Il nuovo modo di gestire i rapporti di potere in Cina è esemplificato dalla scalata ai vertici del Partito di Li Qiang. Alla vigilia del Congresso, tutti gli esperti ritenevano che il capo del Partito di Shanghai, per quanto fedelissimo di Xi, fosse virtualmente fuori dai giochi per i ruoli che contano. Nessuno si aspettava domenica di vederlo camminare subito dietro al “presidente di tutto” nella Grande sala del popolo.

Li non solo non è stato scartato, ma è diventato il numero 2 del Partito comunista e di conseguenza è il principale indiziato per essere eletto come primo ministro a marzo, quando Xi sarà confermato alla presidenza della Repubblica popolare.

L’incredibile promozione di Li Qiang

Prima che Xi stravolgesse le consuetudini del Partito, Li non avrebbe avuto alcuna speranza. Non solo, al contrario di altri primi ministri, non ha avuto alcuna esperienza come vicepremier. Ma non ha neanche mai servito come capo del Partito nelle province più povere della Cina, un “must have” da decenni per chi vuole assumere degnamente il ruolo di guida delle masse.

Soprattutto, Li è il responsabile del disastroso e «disumano» lockdown di Shanghai, tra le principali cause del rallentamento dell’economia cinese nel terzo trimestre (il Pil è cresciuto del 3,9 per cento – minimo storico – contro una previsione del 5,5 per cento).

Il «disumano» lockdown di Shanghai

Per inseguire il sogno antiscientifico di debellare il Covid-19, Li Qiang ha confinato in casa per oltre due mesi i 25 milioni di abitanti di Shanghai, incaricando i 50 mila funzionari dei seimila comitati residenziali di tradizione maoista di prendersi cura di loro.

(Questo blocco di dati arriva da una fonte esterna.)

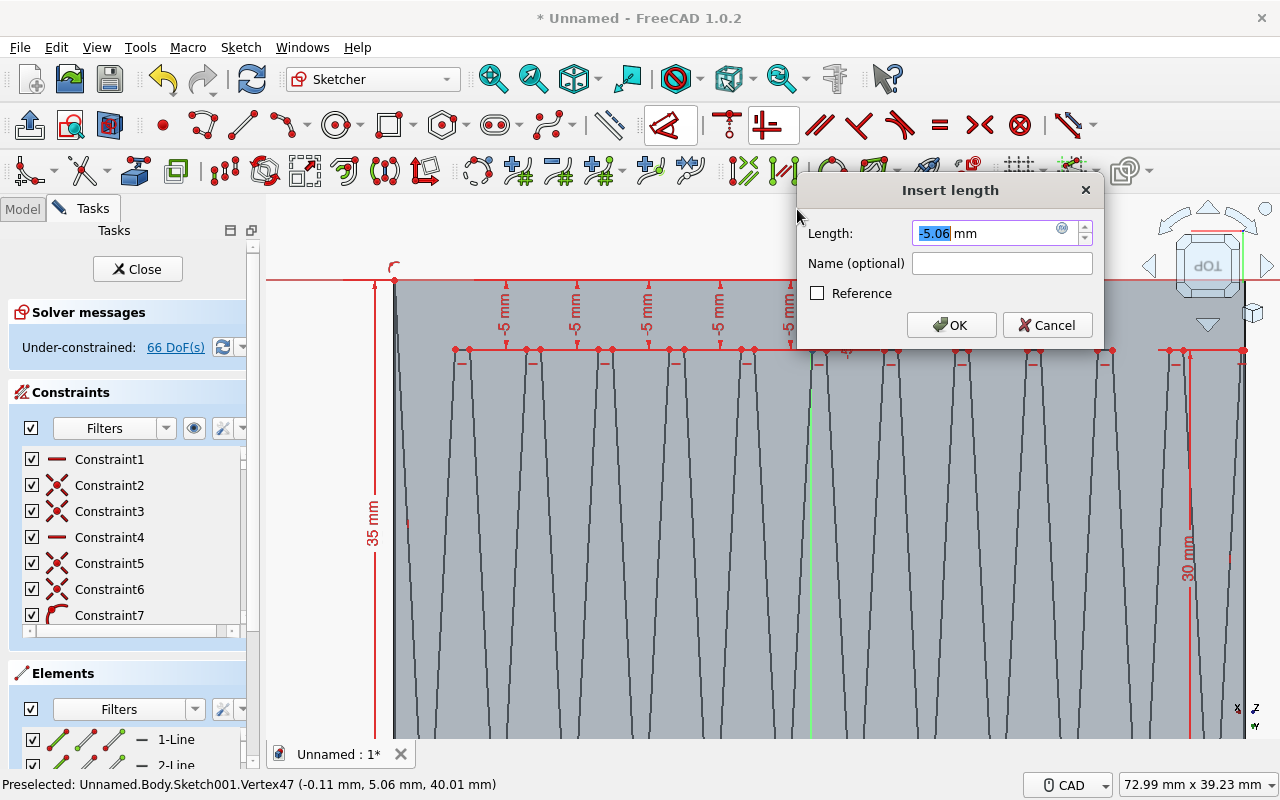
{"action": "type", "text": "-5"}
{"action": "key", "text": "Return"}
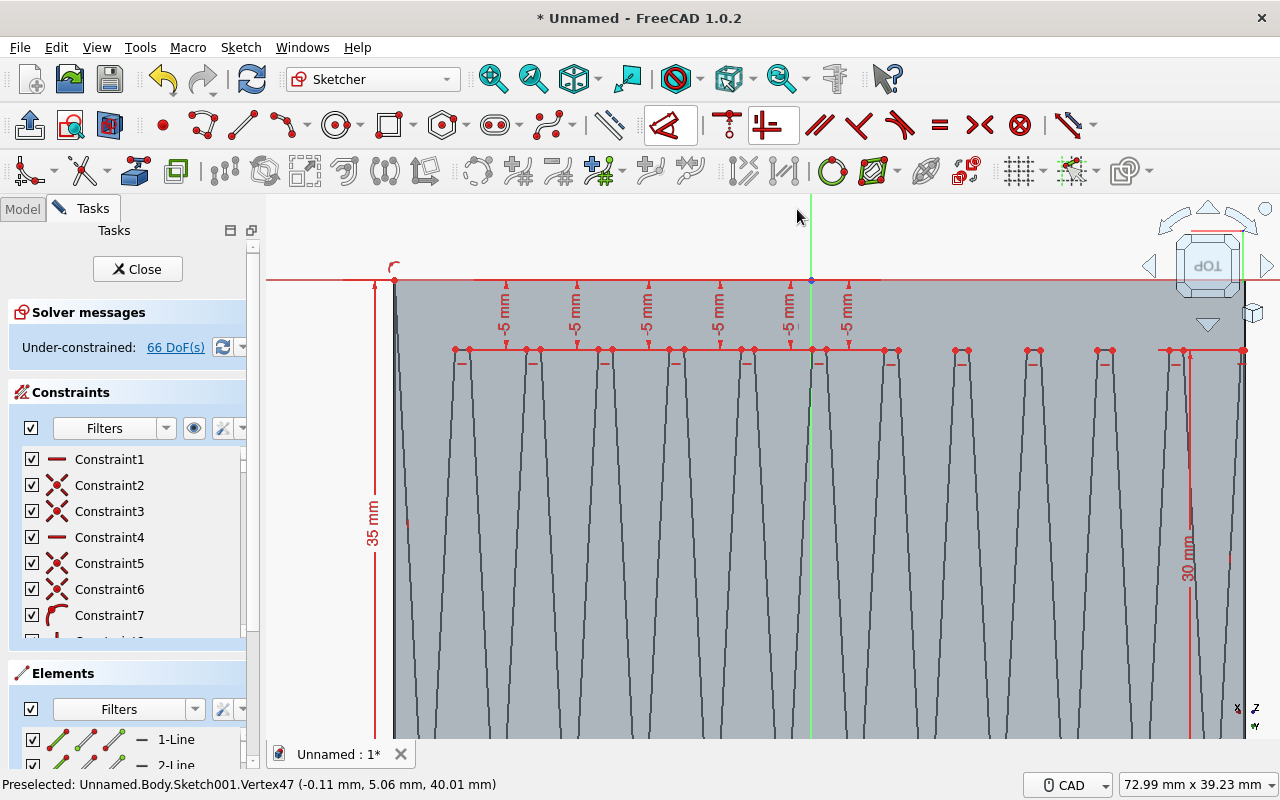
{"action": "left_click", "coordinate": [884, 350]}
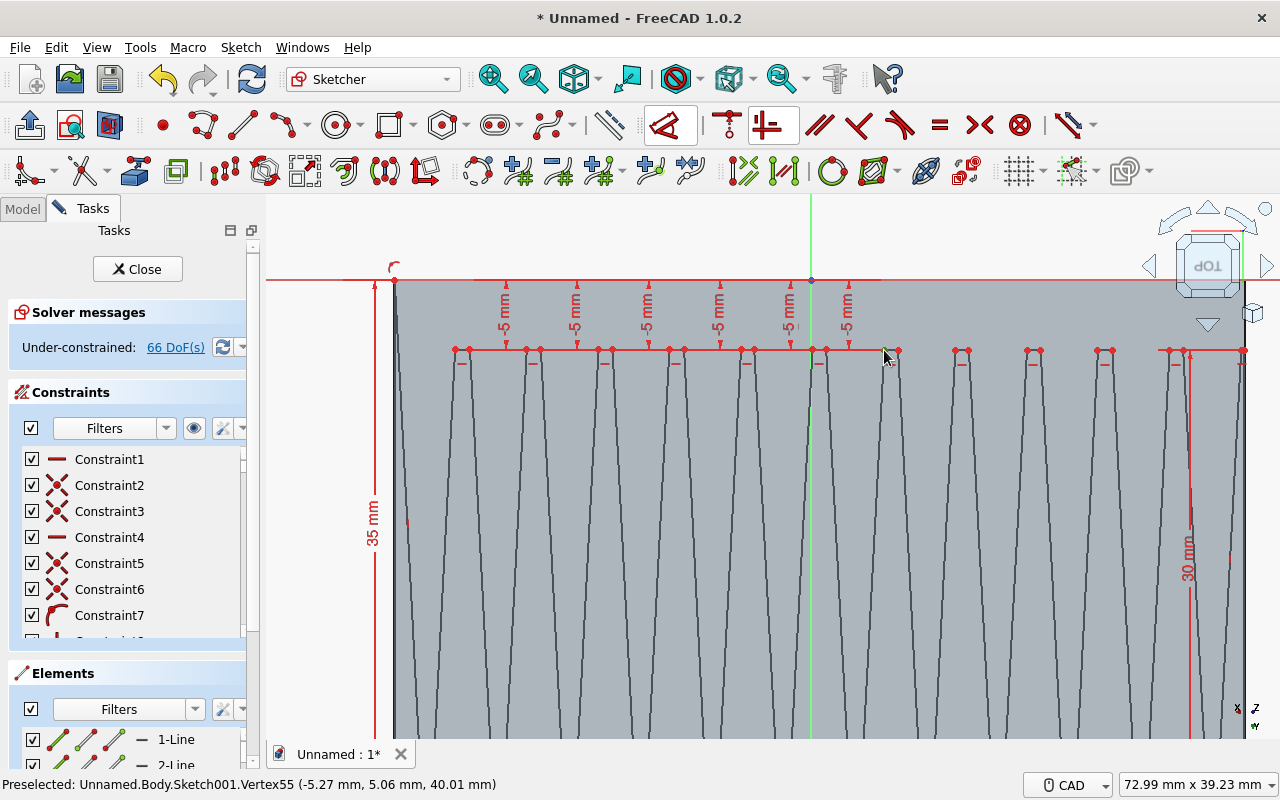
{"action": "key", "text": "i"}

L’applicazione più rigorosa e fedele alla linea della politica “zero Covid” di Xi Jinping è stata un disastro. Al di là degli episodi più eclatanti di residenti morti di fame o per mancanza di medicine o per suicidio dettato dalla disperazione, la seconda città più importante della Cina è stata trasformata in una prigione a cielo aperto. Case sbarrate dall’esterno per non far uscire i positivi, quartieri sigillati da recinzioni alte tre metri con tanto di filo spinato, trasferimento coatto di settimane e settimane nei fatiscenti centri governativi per la quarantena. E ancora, arresti e minacce per chi protestava online, genitori separati dai figli, tamponi obbligatori a ogni ora del giorno e della notte.

Ci sono tutte le premesse per un nuovo disastro

Non c’è abitante di Shanghai che non detesti Li Qiang e che non lo consideri un inetto, un politico incapace di far prevalere la realtà sull’ideologia. Ed è proprio per questo che Li è diventato il numero 2 del Partito comunista: la sua lealtà a oltranza a Xi, oltre ogni limite di razionalità, gli è valsa la promozione. La fedeltà al leader è ormai l’unico criterio richiesto per far parte della cricca di Xi.

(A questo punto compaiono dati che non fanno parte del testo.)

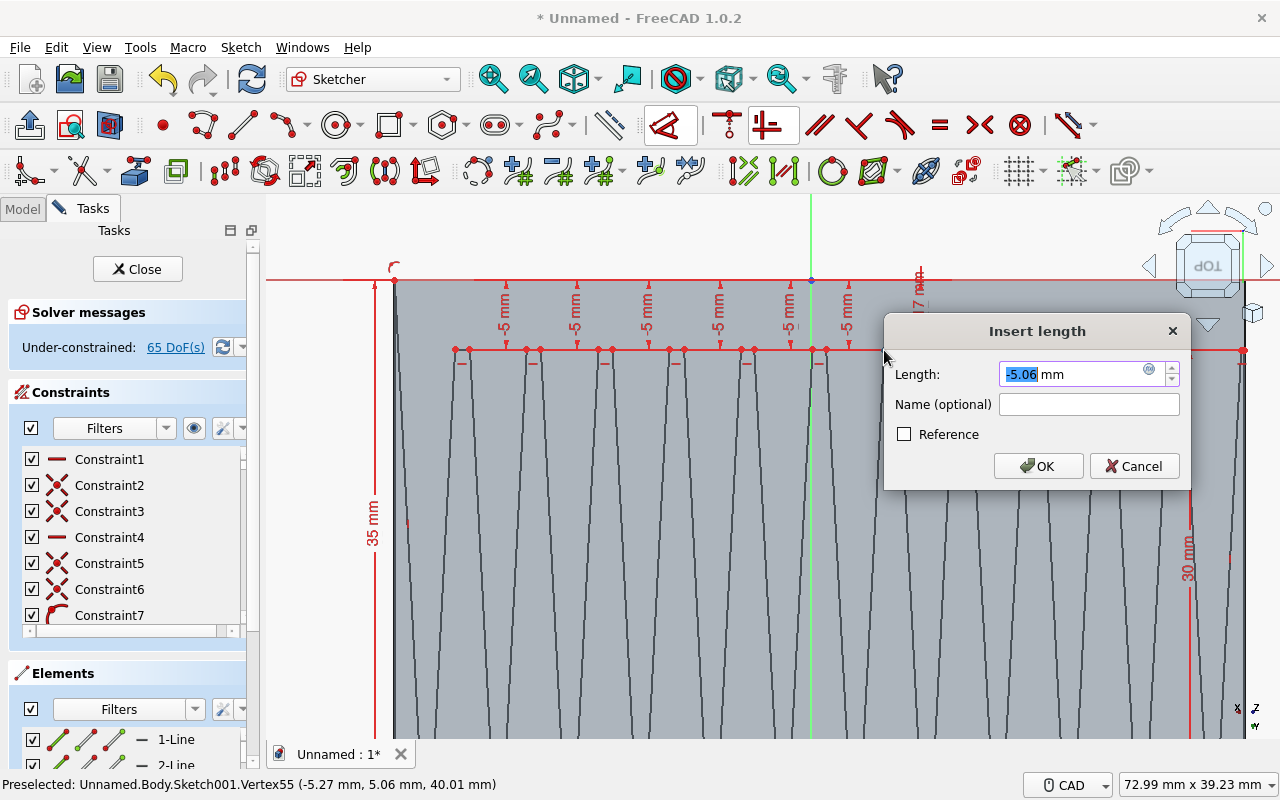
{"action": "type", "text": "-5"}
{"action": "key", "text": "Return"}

La promozione di Li è il manifesto della nuova Cina di Xi Jinping, che assomiglia terribilmente a quella vecchia degli anni Cinquanta-Sessanta di Mao. Il “Grande timoniere” premiò quei funzionari che preferirono obbedirgli e restargli fedeli, durante il Grande balzo in avanti, piuttosto che salvare dalla carestia la vita di milioni di cinesi.

Poiché solo chi obbedisce a Xi, alimentando il culto della personalità, potrà sopravvivere al potere nella nuova Cina, ci sono ormai tutte le premesse per il verificarsi di un nuovo terribile disastro. Parte integrante del “sogno cinese” di Xi Jinping, che passa dal “Grande rinnovamento della nazione cinese”, è la riunificazione di Taiwan alla Repubblica popolare. Non c’è dubbio che il “nuovo Mao” sia disposto a scatenare una guerra disastrosa pur di entrare nella storia. Se e quando accadrà, chi avrà il coraggio all’interno del Partito di fermarlo?